Row 1: Color 1- Chain desired length. (8 stitches for each shell + 2) 1 sc in 2nd st from hook, *skip 3 sts, 1 shell of 7 dc in next st, skip 3 sts, 1 sc in next st; Repeat from * to end. Leave loop to be worked later.
Row 2: Do not turn. Attach color 2 at opposite end from loop just left. Ch 7, sc in front loop of next sc, continue across going through both loops in final sc.
Row 3: With color 2 turn, Ch 3, 3 dc in first sc, * 1 sc in center dc of next shell, (going thru both loops and over chain) 1 shell of 7 dc in next sc: (going thru back loop only, same loop as sc from chain in row 2) Repeat from*, end with 4 dc in last sc, inserting hook thru both loops. Ch 3 leave loop.
Row 4: Pick up loop from color 1-do not turn- chain 3, sc in top of 1st dc, chain 4, sc in front loop of sc, chain 7, sc in front loop of next sc. Continue across using chain 7 and sc in next sc until last shell. Chain 4, sc in top of last dc.
Row 5: *shell of 7 dc in back loop of next sc, 1 sc in center dc of next shell going through both loops and around chain, repeat from * to end. 1 sc in top of ch 3. 
Row 6: Pick up color 2, sc in top of color 1 sc. Chain 7, sc in front loop of sc from previous row. Repeat to the end.
Repeat row 3-6- until desired length, ending with row 5. Do not break yarn.
Last Row: Ch 2, turn, 1 hdc in first sc, * ch 2 in center dc of next shell, ch 2, hdc in next sc.
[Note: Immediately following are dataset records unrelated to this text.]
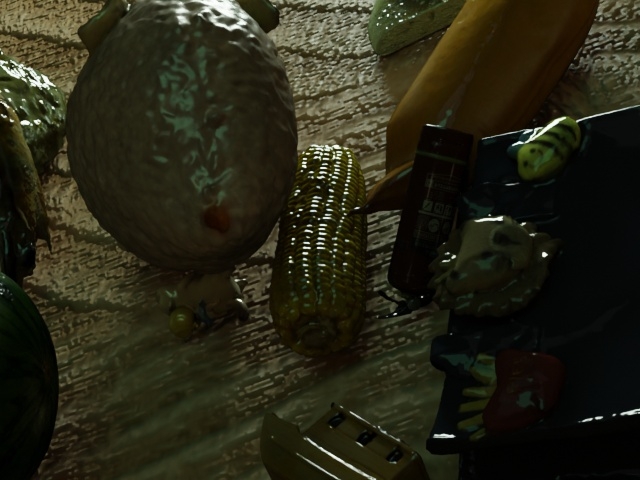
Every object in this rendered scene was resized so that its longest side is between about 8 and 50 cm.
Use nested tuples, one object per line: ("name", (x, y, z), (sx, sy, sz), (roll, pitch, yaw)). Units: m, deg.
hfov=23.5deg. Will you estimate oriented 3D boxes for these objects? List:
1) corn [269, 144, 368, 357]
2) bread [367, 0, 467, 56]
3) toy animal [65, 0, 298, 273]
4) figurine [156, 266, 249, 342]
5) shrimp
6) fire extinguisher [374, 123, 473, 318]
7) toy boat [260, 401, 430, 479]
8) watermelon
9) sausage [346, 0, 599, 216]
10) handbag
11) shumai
("corn", (0.000, 0.000, 1.280), (0.080, 0.080, 0.231), (-15, 41, 16))
("bread", (0.125, -0.260, 1.526), (0.193, 0.036, 0.112), (-25, 38, 3))
("toy animal", (-0.116, -0.096, 1.292), (0.188, 0.227, 0.358), (-2, 20, -19))
("figurine", (-0.101, 0.056, 1.310), (0.083, 0.047, 0.051), (-19, 50, 18))
("shrimp", (-0.350, -0.046, 1.445), (0.173, 0.058, 0.253), (-12, 72, -6))
("fire extinguisher", (0.085, -0.012, 1.222), (0.043, 0.064, 0.158), (19, 97, 54))
("toy boat", (0.033, 0.174, 1.094), (0.077, 0.057, 0.200), (-38, 40, -22))
("watermelon", (-0.329, 0.122, 1.218), (0.242, 0.242, 0.242), (-16, 41, 14))
("sausage", (0.131, -0.124, 1.321), (0.112, 0.112, 0.328), (13, 55, 39))
("handbag", (0.233, 0.027, 1.090), (0.329, 0.122, 0.303), (-8, 44, 25))
("shumai", (-0.388, -0.158, 1.578), (0.189, 0.218, 0.256), (-28, 36, 9))
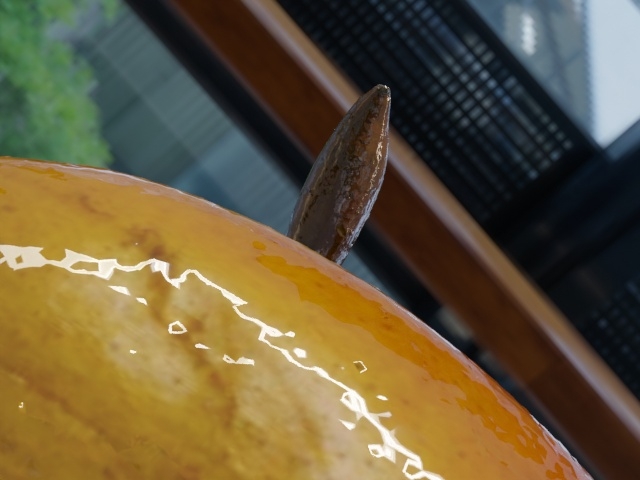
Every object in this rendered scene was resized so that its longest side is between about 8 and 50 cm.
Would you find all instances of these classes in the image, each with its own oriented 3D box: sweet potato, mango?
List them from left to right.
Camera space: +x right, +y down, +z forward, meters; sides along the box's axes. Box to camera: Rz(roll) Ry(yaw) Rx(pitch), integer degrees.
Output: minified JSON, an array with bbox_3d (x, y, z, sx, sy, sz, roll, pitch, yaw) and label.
[{"bbox_3d":[-0.046,0.074,0.413,0.257,0.187,0.138,48,-1,9],"label":"mango"},{"bbox_3d":[-0.001,0.000,1.372,0.057,0.265,0.057,21,21,-9],"label":"sweet potato"}]
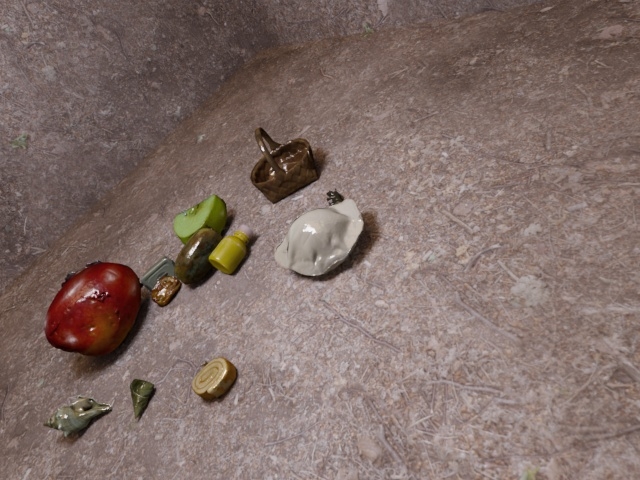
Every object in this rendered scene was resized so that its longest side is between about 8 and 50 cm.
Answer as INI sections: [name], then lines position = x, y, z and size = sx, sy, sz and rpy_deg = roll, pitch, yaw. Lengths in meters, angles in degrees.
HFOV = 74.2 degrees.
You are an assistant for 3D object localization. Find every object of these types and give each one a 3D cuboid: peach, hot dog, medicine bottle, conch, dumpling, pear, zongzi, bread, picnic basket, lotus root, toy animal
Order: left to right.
[conch]
position = -0.938, 0.675, 1.637
size = 0.234, 0.114, 0.137
rpy_deg = -14, 40, -30
[peach]
position = -0.961, 0.293, 1.845
size = 0.353, 0.339, 0.416
rpy_deg = -10, 53, 35
[zongzi]
position = -0.697, 0.586, 1.582
size = 0.154, 0.062, 0.130
rpy_deg = -7, 59, 40
[hot dog]
position = -0.704, 0.225, 1.933
size = 0.099, 0.065, 0.147
rpy_deg = 28, 66, 16
[lotus root]
position = -0.539, 0.071, 1.882
size = 0.275, 0.160, 0.152
rpy_deg = -56, 31, -7
[pear]
position = -0.568, -0.058, 2.053
size = 0.292, 0.159, 0.292
rpy_deg = -23, 42, 22
[bread]
position = -0.359, 0.466, 1.427
size = 0.149, 0.073, 0.122
rpy_deg = -45, 41, -11
[medicine bottle]
position = -0.378, 0.031, 1.846
size = 0.122, 0.122, 0.212
rpy_deg = 9, 56, 42
[picnic basket]
position = -0.210, -0.392, 1.995
size = 0.337, 0.337, 0.293
rpy_deg = -28, 39, 11
[dumpling]
position = -0.003, 0.001, 1.560
size = 0.341, 0.181, 0.260
rpy_deg = -17, 47, -11
[toy animal]
position = 0.059, -0.174, 1.788
size = 0.065, 0.047, 0.136
rpy_deg = -27, 38, 3

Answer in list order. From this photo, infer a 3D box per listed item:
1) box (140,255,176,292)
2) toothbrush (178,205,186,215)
[box]
position = -0.754, 0.159, 2.006
size = 0.172, 0.124, 0.093
rpy_deg = -42, 29, -9
[toothbrush]
position = -0.688, -0.149, 2.103
size = 0.013, 0.011, 0.131
rpy_deg = -29, 35, -18

Repeat from * to end.
Border: Ch 2, work hdc on long side of cover, having about 4 hdc for every 2 rows, 3 hdc in corner st; then on lower edge work 6 hdc evenly spaced to each pattern. Have same number of hdc on other side, 3 hdc in corner and same number of hdc on top edge as on lower edge.
Round 2: Ch 1, work 1 round, sc form same side having 3 sc in each corner. Join. Fasten off. Start and end with main color.


----------



## yankeecatlady (Jun 3, 2011)

http://www.tamemymind.com/blog/2004/10/29/twocolor-reversible-shells-afghan-free-crochet-pattern.php

This is the one I use


----------



## Broomie (Apr 3, 2011)

Thank you so much for this. June


----------



## kimmyz (May 9, 2011)

Very clever design and beautifully made. First time I've seen this design.


----------



## Mar 18 (Feb 4, 2011)

What good memories this is---Back in the 70's my mother who did not crochet or knit had someone crochet a blanket for my daughter's first child---THIS PATTERN---a couple of years ago, my daughter was cleaning out and gave me several blankets that had been the boys (she has 3) to give to a charity---well, I saved this one because I wanted to find the pattern!!! AND TODAY HERE IT IS!!! The one I have saved is pastel green and white---my daughter has grandchildren coming now, so I will try to make a couple of blankets to pass on to them-------I may keep the original forever. ;-)! Thanks for passing on patterns, I love it. Someday I will learn to put pictures of my work on here------!!! God Bless all M ^j^


----------



## PattieK (Mar 25, 2011)

Love them both!

Thank you so much for posting the pattern. I asked someone for another pattern months ago and she keeps saying she'll send it and is always full of excuses. I understand not wanting to share a pattern, but don't say you will when you won't 

I appreciate that you share.


----------



## Angel Star (Apr 12, 2011)

Thanks a lot, irishsmitty and yankeecatlady! Irish, my husband was born in Howard Beach, and lived there until he started school. 

Angel


----------



## Josebellie (Apr 4, 2011)

Had this patrern a long time ago.. Made it with dazzle yarbs white on one side And various dazzle on the other, Would love to make it again if you could send me the pattern. Email is [email protected] Made many but lost the pattern whhen I moved. Thanks.


----------



## Josebellie (Apr 4, 2011)

Had this patrern a long time ago.. Made it with dazzle yarbs white on one side And various dazzle on the other, Would love to make it again if you could send me the pattern. Email is [email protected] Made many but lost the pattern whhen I moved. Thanks.


----------



## Josebellie (Apr 4, 2011)

Had this patrern a long time ago.. Made it with dazzle yarbs white on one side And various dazzle on the other, Would love to make it again if you could send me the pattern. Email is [email protected] Made many but lost the pattern whhen I moved. Thanks.


----------



## cathy47 (Jun 6, 2011)

Josebellie said:


> Had this patrern a long time ago.. Made it with dazzle yarbs white on one side And various dazzle on the other, Would love to make it again if you could send me the pattern. Email is [email protected] Made many but lost the pattern whhen I moved. Thanks.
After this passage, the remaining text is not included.